Divine Comedy, Cary's Translation, Complete eBook

This eBook from the Gutenberg Project consists of approximately 602 pages of information about Divine Comedy, Cary's Translation, Complete.

v. 76.  From thence I came.] Giacopo del Cassero, a citizen of Fano who having spoken ill of Azzo da Este, Marquis of Ferrara, was by his orders put to death.  Giacopo, was overtaken by the assassins at Oriaco a place near the Brenta, from whence, if he had fled towards Mira, higher up on that river, instead of making for the marsh on the sea shore, he might have escaped.

v. 75.  Antenor’s land.] The city of Padua, said to be founded by Antenor.

v. 87.  Of Montefeltro I.] Buonconte (son of Guido da Montefeltro, whom we have had in the twenty-seventh Canto of Hell) fell in the battle of Campaldino (1289), fighting on the side of the Aretini.

v. 88.  Giovanna.] Either the wife, or kinswoman, of Buonconte.

v. 91.  The hermit’s seat.] The hermitage of Camaldoli.

v. 95.  Where its name is cancel’d.] That is, between Bibbiena and Poppi, where the Archiano falls into the Arno.

v. 115.  From Pratomagno to the mountain range.] From Pratomagno now called Prato Vecchio (which divides the Valdarno from Casentino) as far as to the Apennine.

v. 131.  Pia.] She is said to have been a Siennese lady, of the family of Tolommei, secretly made away with by her husband, Nello della Pietra, of the same city, in Maremma, where he had some possessions.


v. 14.  Of Arezzo him.] Benincasa of Arezzo, eminent for his skill in jurisprudence, who, having condemned to death Turrino da Turrita brother of Ghino di Tacco, for his robberies in Maremma, was murdered by Ghino, in an apartment of his own house, in the presence of many witnesses.  Ghino was not only suffered to escape in safety, but (as the commentators inform us) obtained so high a reputation by the liberality with which he was accustomed to dispense the fruits of his plunder, and treated those who fell into his hands with so much courtesy, that he was afterwards invited to Rome, and knighted by Boniface viii.  A story is told of him by Boccaccio, G. x.  N. 2.

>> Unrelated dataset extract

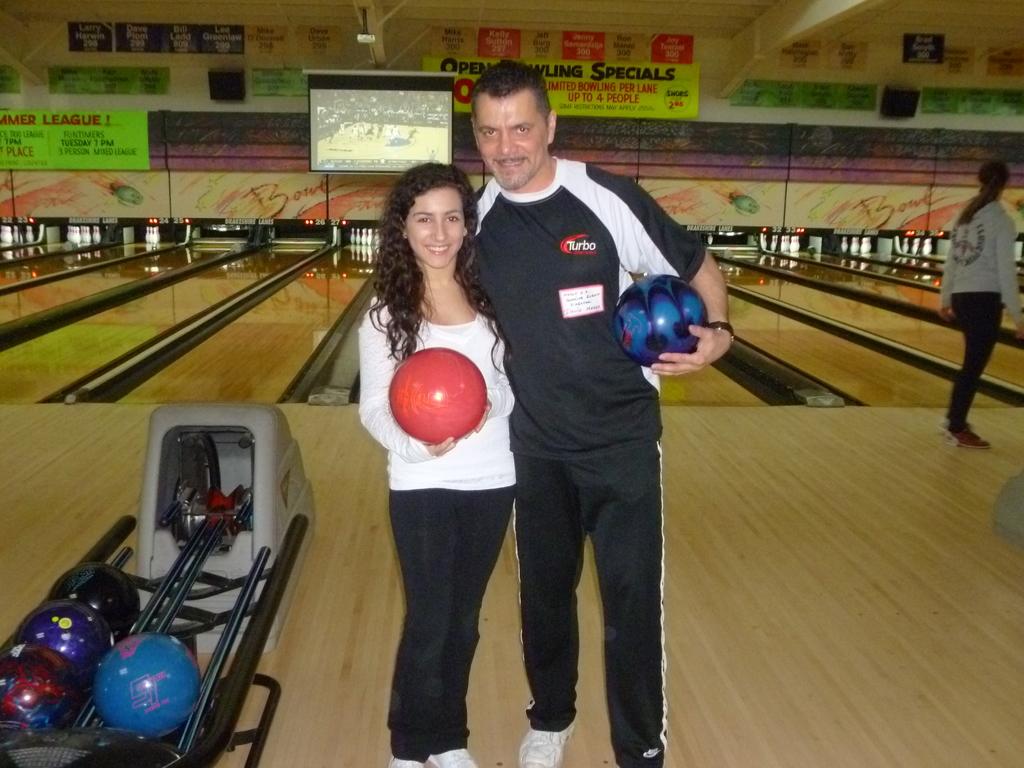What word is on the man's shirt?
Provide a short and direct response. Turbo. 
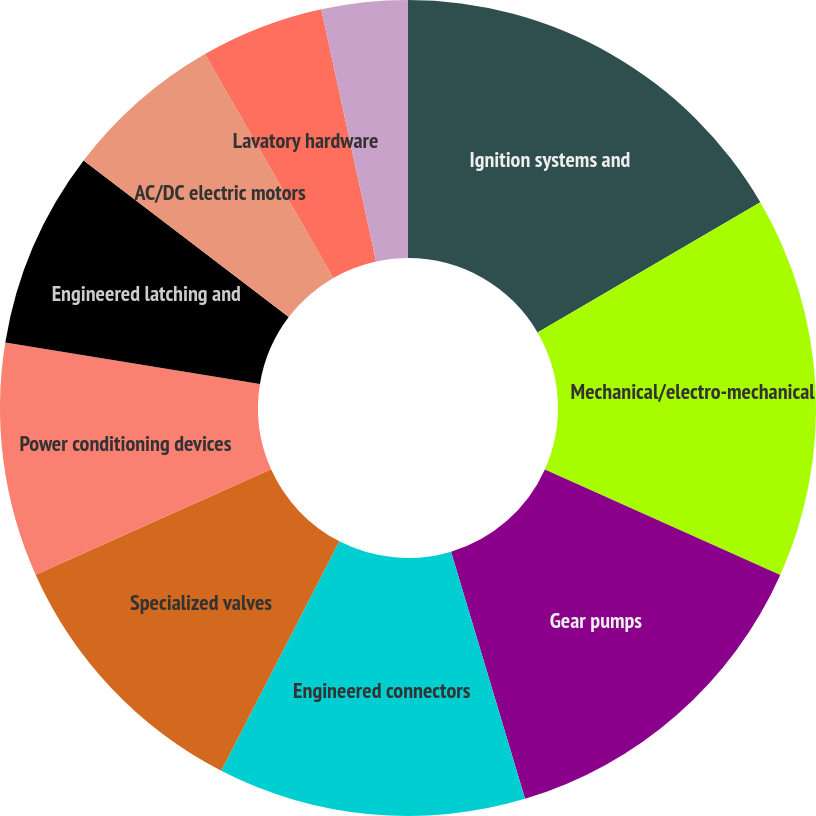<chart> <loc_0><loc_0><loc_500><loc_500><pie_chart><fcel>Ignition systems and<fcel>Mechanical/electro-mechanical<fcel>Gear pumps<fcel>Engineered connectors<fcel>Specialized valves<fcel>Power conditioning devices<fcel>Engineered latching and<fcel>AC/DC electric motors<fcel>Lavatory hardware<fcel>Rods and locking devices<nl><fcel>16.59%<fcel>15.12%<fcel>13.66%<fcel>12.2%<fcel>10.73%<fcel>9.27%<fcel>7.8%<fcel>6.34%<fcel>4.88%<fcel>3.41%<nl></chart>

v. 15.  Him beside.] Ciacco de’ Tariatti of Arezzo.  He is said to have been carried by his horse into the Arno, and there drowned, while he was in pursuit of certain of his enemies.

v. 17.  Frederic Novello.] Son of the Conte Guido da Battifolle, and slain by one of the family of Bostoli.

v. 18.  Of Pisa he.] Farinata de’ Scornigiani of Pisa.  His father Marzuco, who had entered the order of the Frati Minori, so entirely overcame the feelings of resentment, that he even kissed the hands of the slayer of his son, and, as he was following the funeral, exhorted his kinsmen to reconciliation.

v. 20.  Count 0rso.] Son of Napoleone da Cerbaia, slain by Alberto da Mangona, his uncle.